An application of SRD in Rwanda
As mentioned, we use spatial jumps to evaluate recently constructed hillside irrigation schemes in rural Rwanda (with co-authors Maria Jones and Jeremy Magruder).
These irrigation investments are considered an important component of closing between sub-Saharan Africa and the rest of the world — particularly so since, as of 2015, , respectively. It is important for policy is to figure out whether this productivity gap exists because of fundamentally lower returns to irrigation, or whether there are constraints that affect farmers’ decisions to adopt irrigation.

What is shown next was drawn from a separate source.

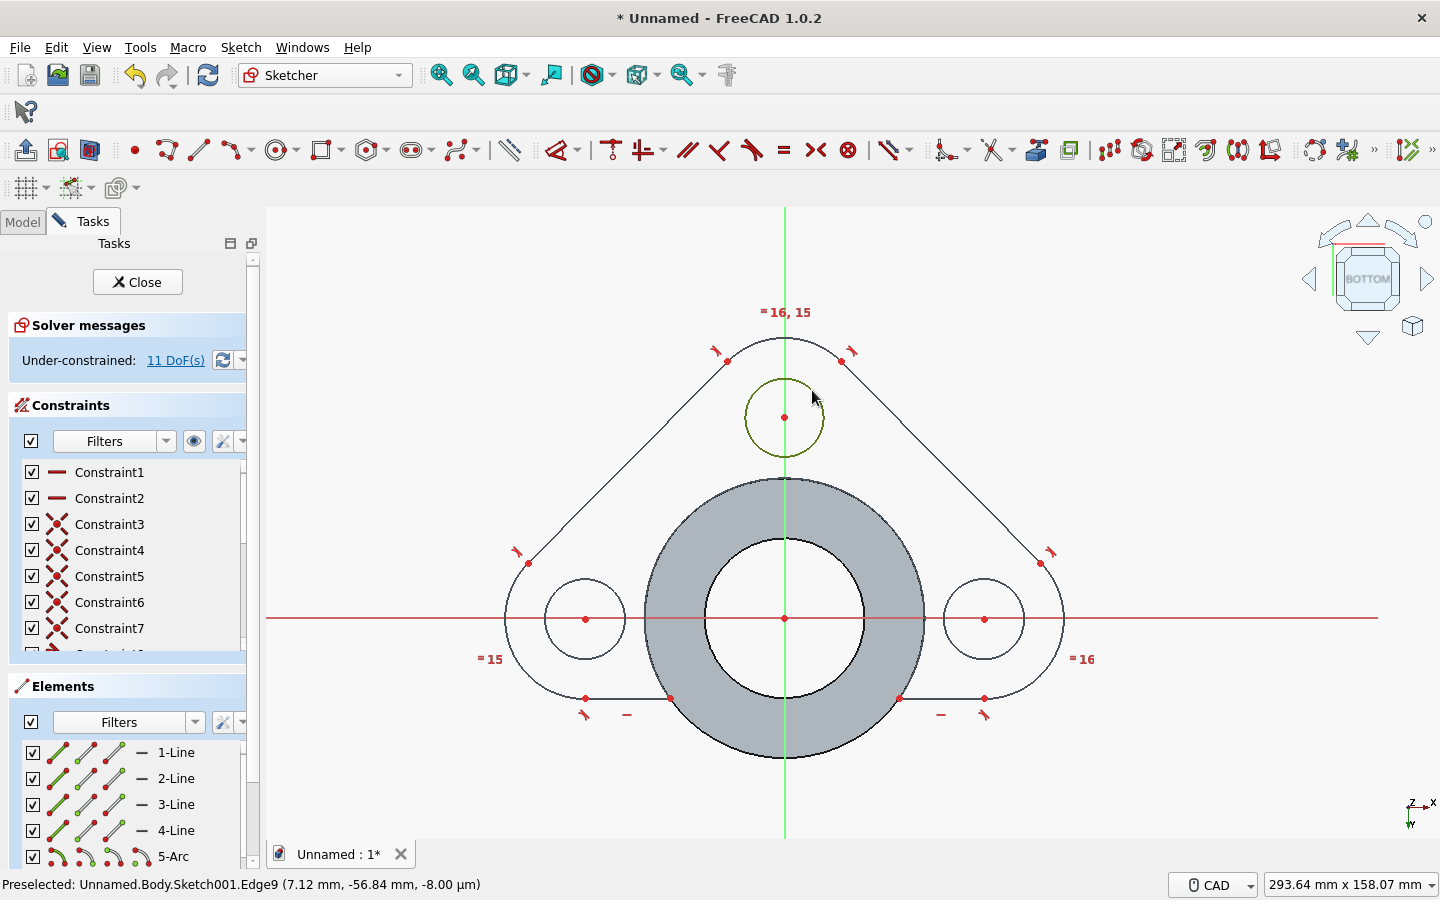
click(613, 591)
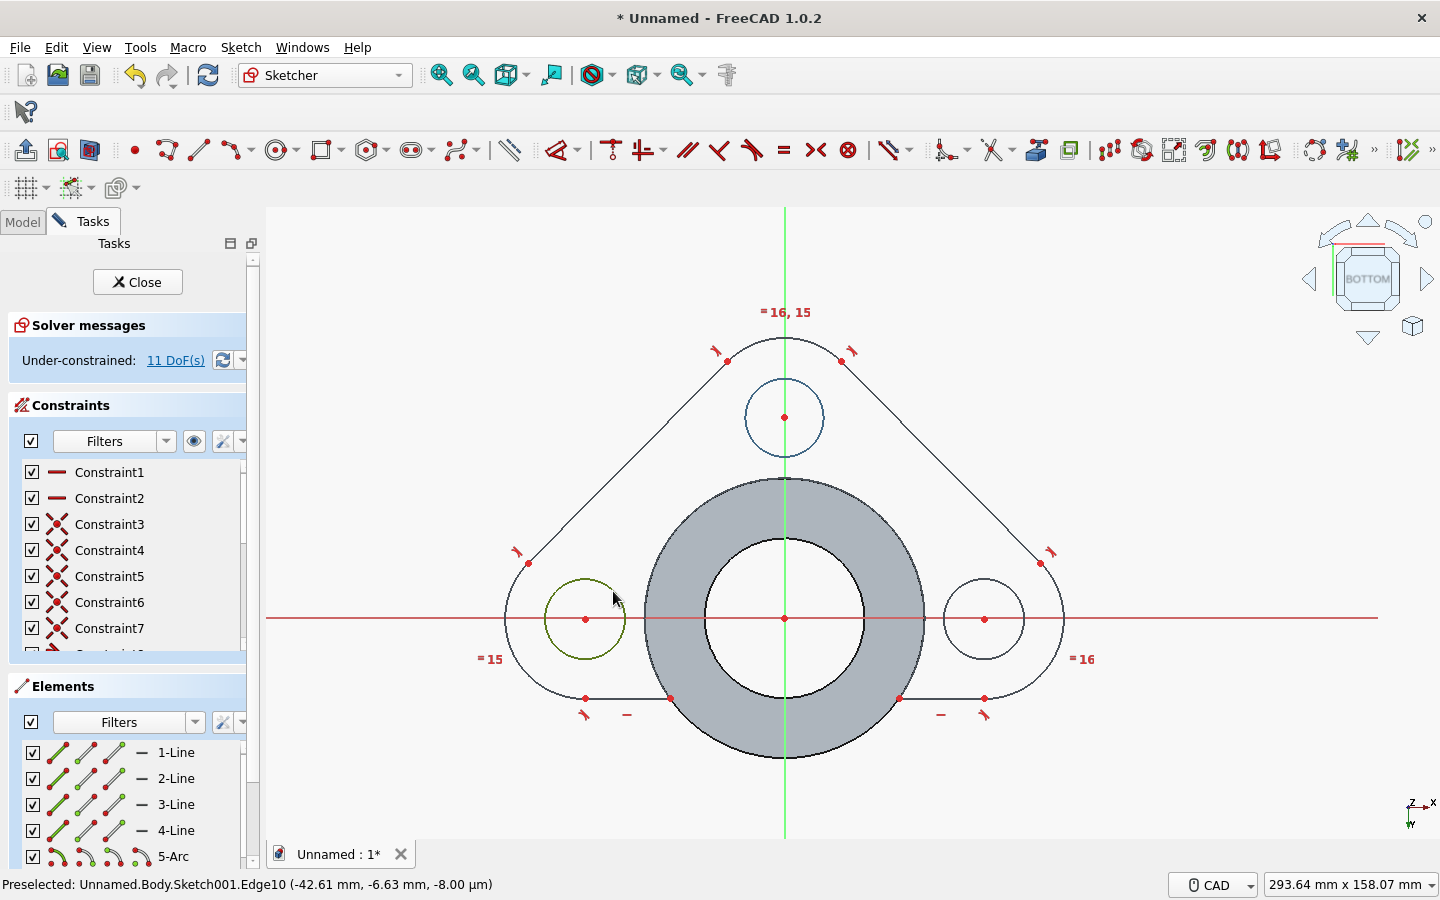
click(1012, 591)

In our paper, we implement both (for robustness) RD and Spatial Fixed Effects approaches. We test the validity of each approach by showing key plot and cultivator characteristics that should not be affected by access to irrigation are balanced across the boundary. For inference, we cluster our standard errors by water user group (the set of plots that use the same pipe for access to water, and their neighbors above the canal).
The figure above shows the implementation of RD: we see that during the dry season, 7% of plots just above the canal are irrigated, while 24% of plots just below the canal are irrigated. That adoption of irrigation jumps 17pp at the boundary is what allows us to estimate the impacts of irrigation. At the same time, the small share of plots with access to irrigation that make use of the irrigation infrastructure is a puzzle, and we spend much of the paper investigating potential constraints to adoption.